Savoir différencier les groupes relève d'une
importance certaine si nous voulons parvenir à mettre en évidence
l'existence d'un ordre hiérarchique dans la commune libre de
Christiania. C'est la raison pour laquelle revenir sur cette source
déjà exploitée l'année dernière est
nécessaire pour mieux comprendre l'organisation pyramidale de la
société que nous essayerons de décrire un peu plus loin.

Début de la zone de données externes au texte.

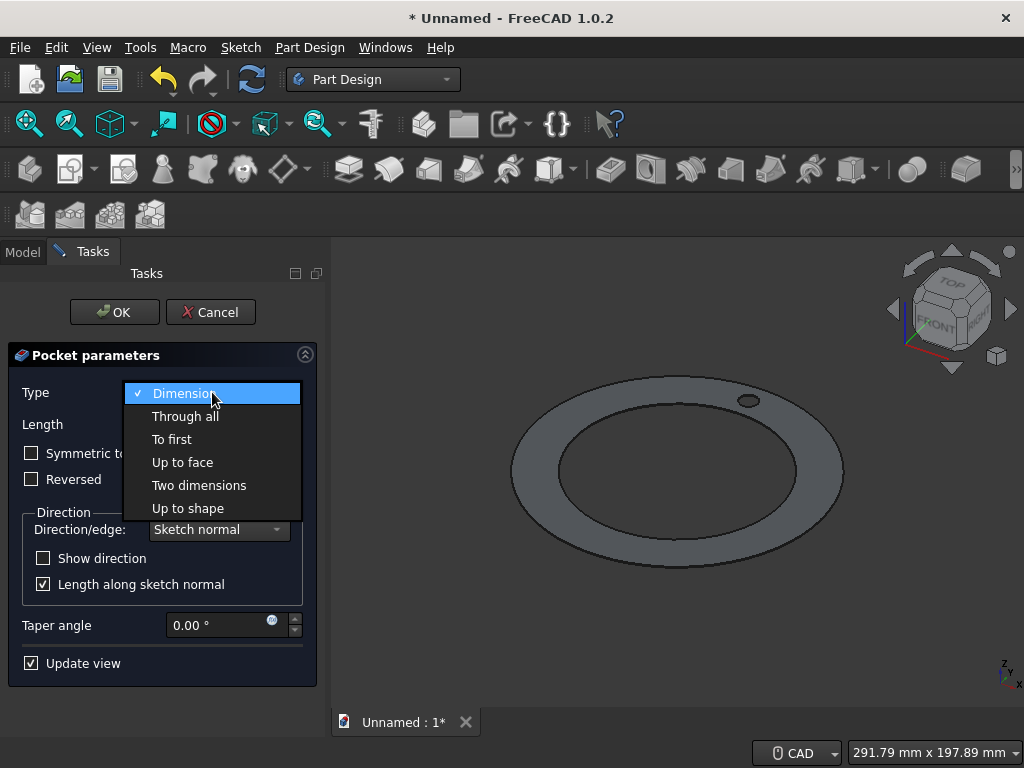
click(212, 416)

Dans sa typologie des christianites réalisée en 1994, Adam
Conroy206 propose trois idéaux-types permettant de classer
l'ensemble des christianites. Même si dix-huit ans nous séparent
de ses observations sur le terrain, nous avions démontré que
cette division est toujours possible à l'heure actuelle:
? Tout d'abord, A. Conroy décrit les active
sympathizers comme la part de la population qui « supporte tout
le poids de la commune sur ses épaules »207. le
groupe d'individus se réclamant comme activistes paraît
correspondre à cette première catégorie. Comme nous
l'affirmions en introduction de ce chapitre, les membres de cette
première catégorie se considèrent comme les
résidents légitimes de Christiania car historiquement plus
impliqués dans la sauvegarde de la communauté. Tout porte
à croire que la plupart de nos enquêtés peuvent être
classés dans cette première catégorie, car leur engagement
pour la sauvegarde de la communauté les amène à s'ouvrir
sur le monde qui les entoure, et nombre d'entre eux ont bien compris que pour
sauver Christiania, il ne faut pas hésiter à en faire sa
promotion auprès d'un large public, et d'accueillir les bras ouverts le
profane venu solliciter un entretien ethnographique par exemple. Ces
caractéristiques sont facilement repérables parmi les
christianites employés au « Nouveau Forum » (Nyt
Forum), tels que Joker et Kirsten qui assurent sa permanence
respectivement tous les lundis pour le premier et les mercredis pour la
seconde. Ou encore, citons Astérix, Morten et Hulda, qui bien que
n'étant pas employés au « Nouveau Forum », remplissent
le même type de fonction lorsqu'ils endossent leurs costumes de guides de
la communauté208. Par ailleurs, notons qu'une large
majorité de christianites employés en
206 CONROY Adam, «social classifications», in
Christiania - The evolution of a commune, Amsterdam, International
institute of social history, 1994, p.21-24
207 Ibid., p.22
208 Il y a de nombreux christianites qui remplissent cette
fonction de guide. Recrutés par l'institution en fonction de leurs
facultés linguistiques (par exemple, Kirsten est polyglotte et parle
couramment le danois, le suédois, l'anglais, l'allemand, le
français et le Swahili), la fonction de guide est souvent
considérée comme un deuxième, voire un troisième
travail permettant d'arrondir les fins de mois. Les visites sont
réparties équitablement entre les guides de manière
à en faire bénéficier une large part de christianites, qui
peuvent récupérer directement la somme payée par les
touristes (50 couronnes soit 6€72 par personne pour la
demi-journée, pour des groupes composés de quinze personnes
maximum). Par ailleurs, cette division du travail permet à l'institution
d'impliquer plus de christianites dans la sauvegarde de la
communauté.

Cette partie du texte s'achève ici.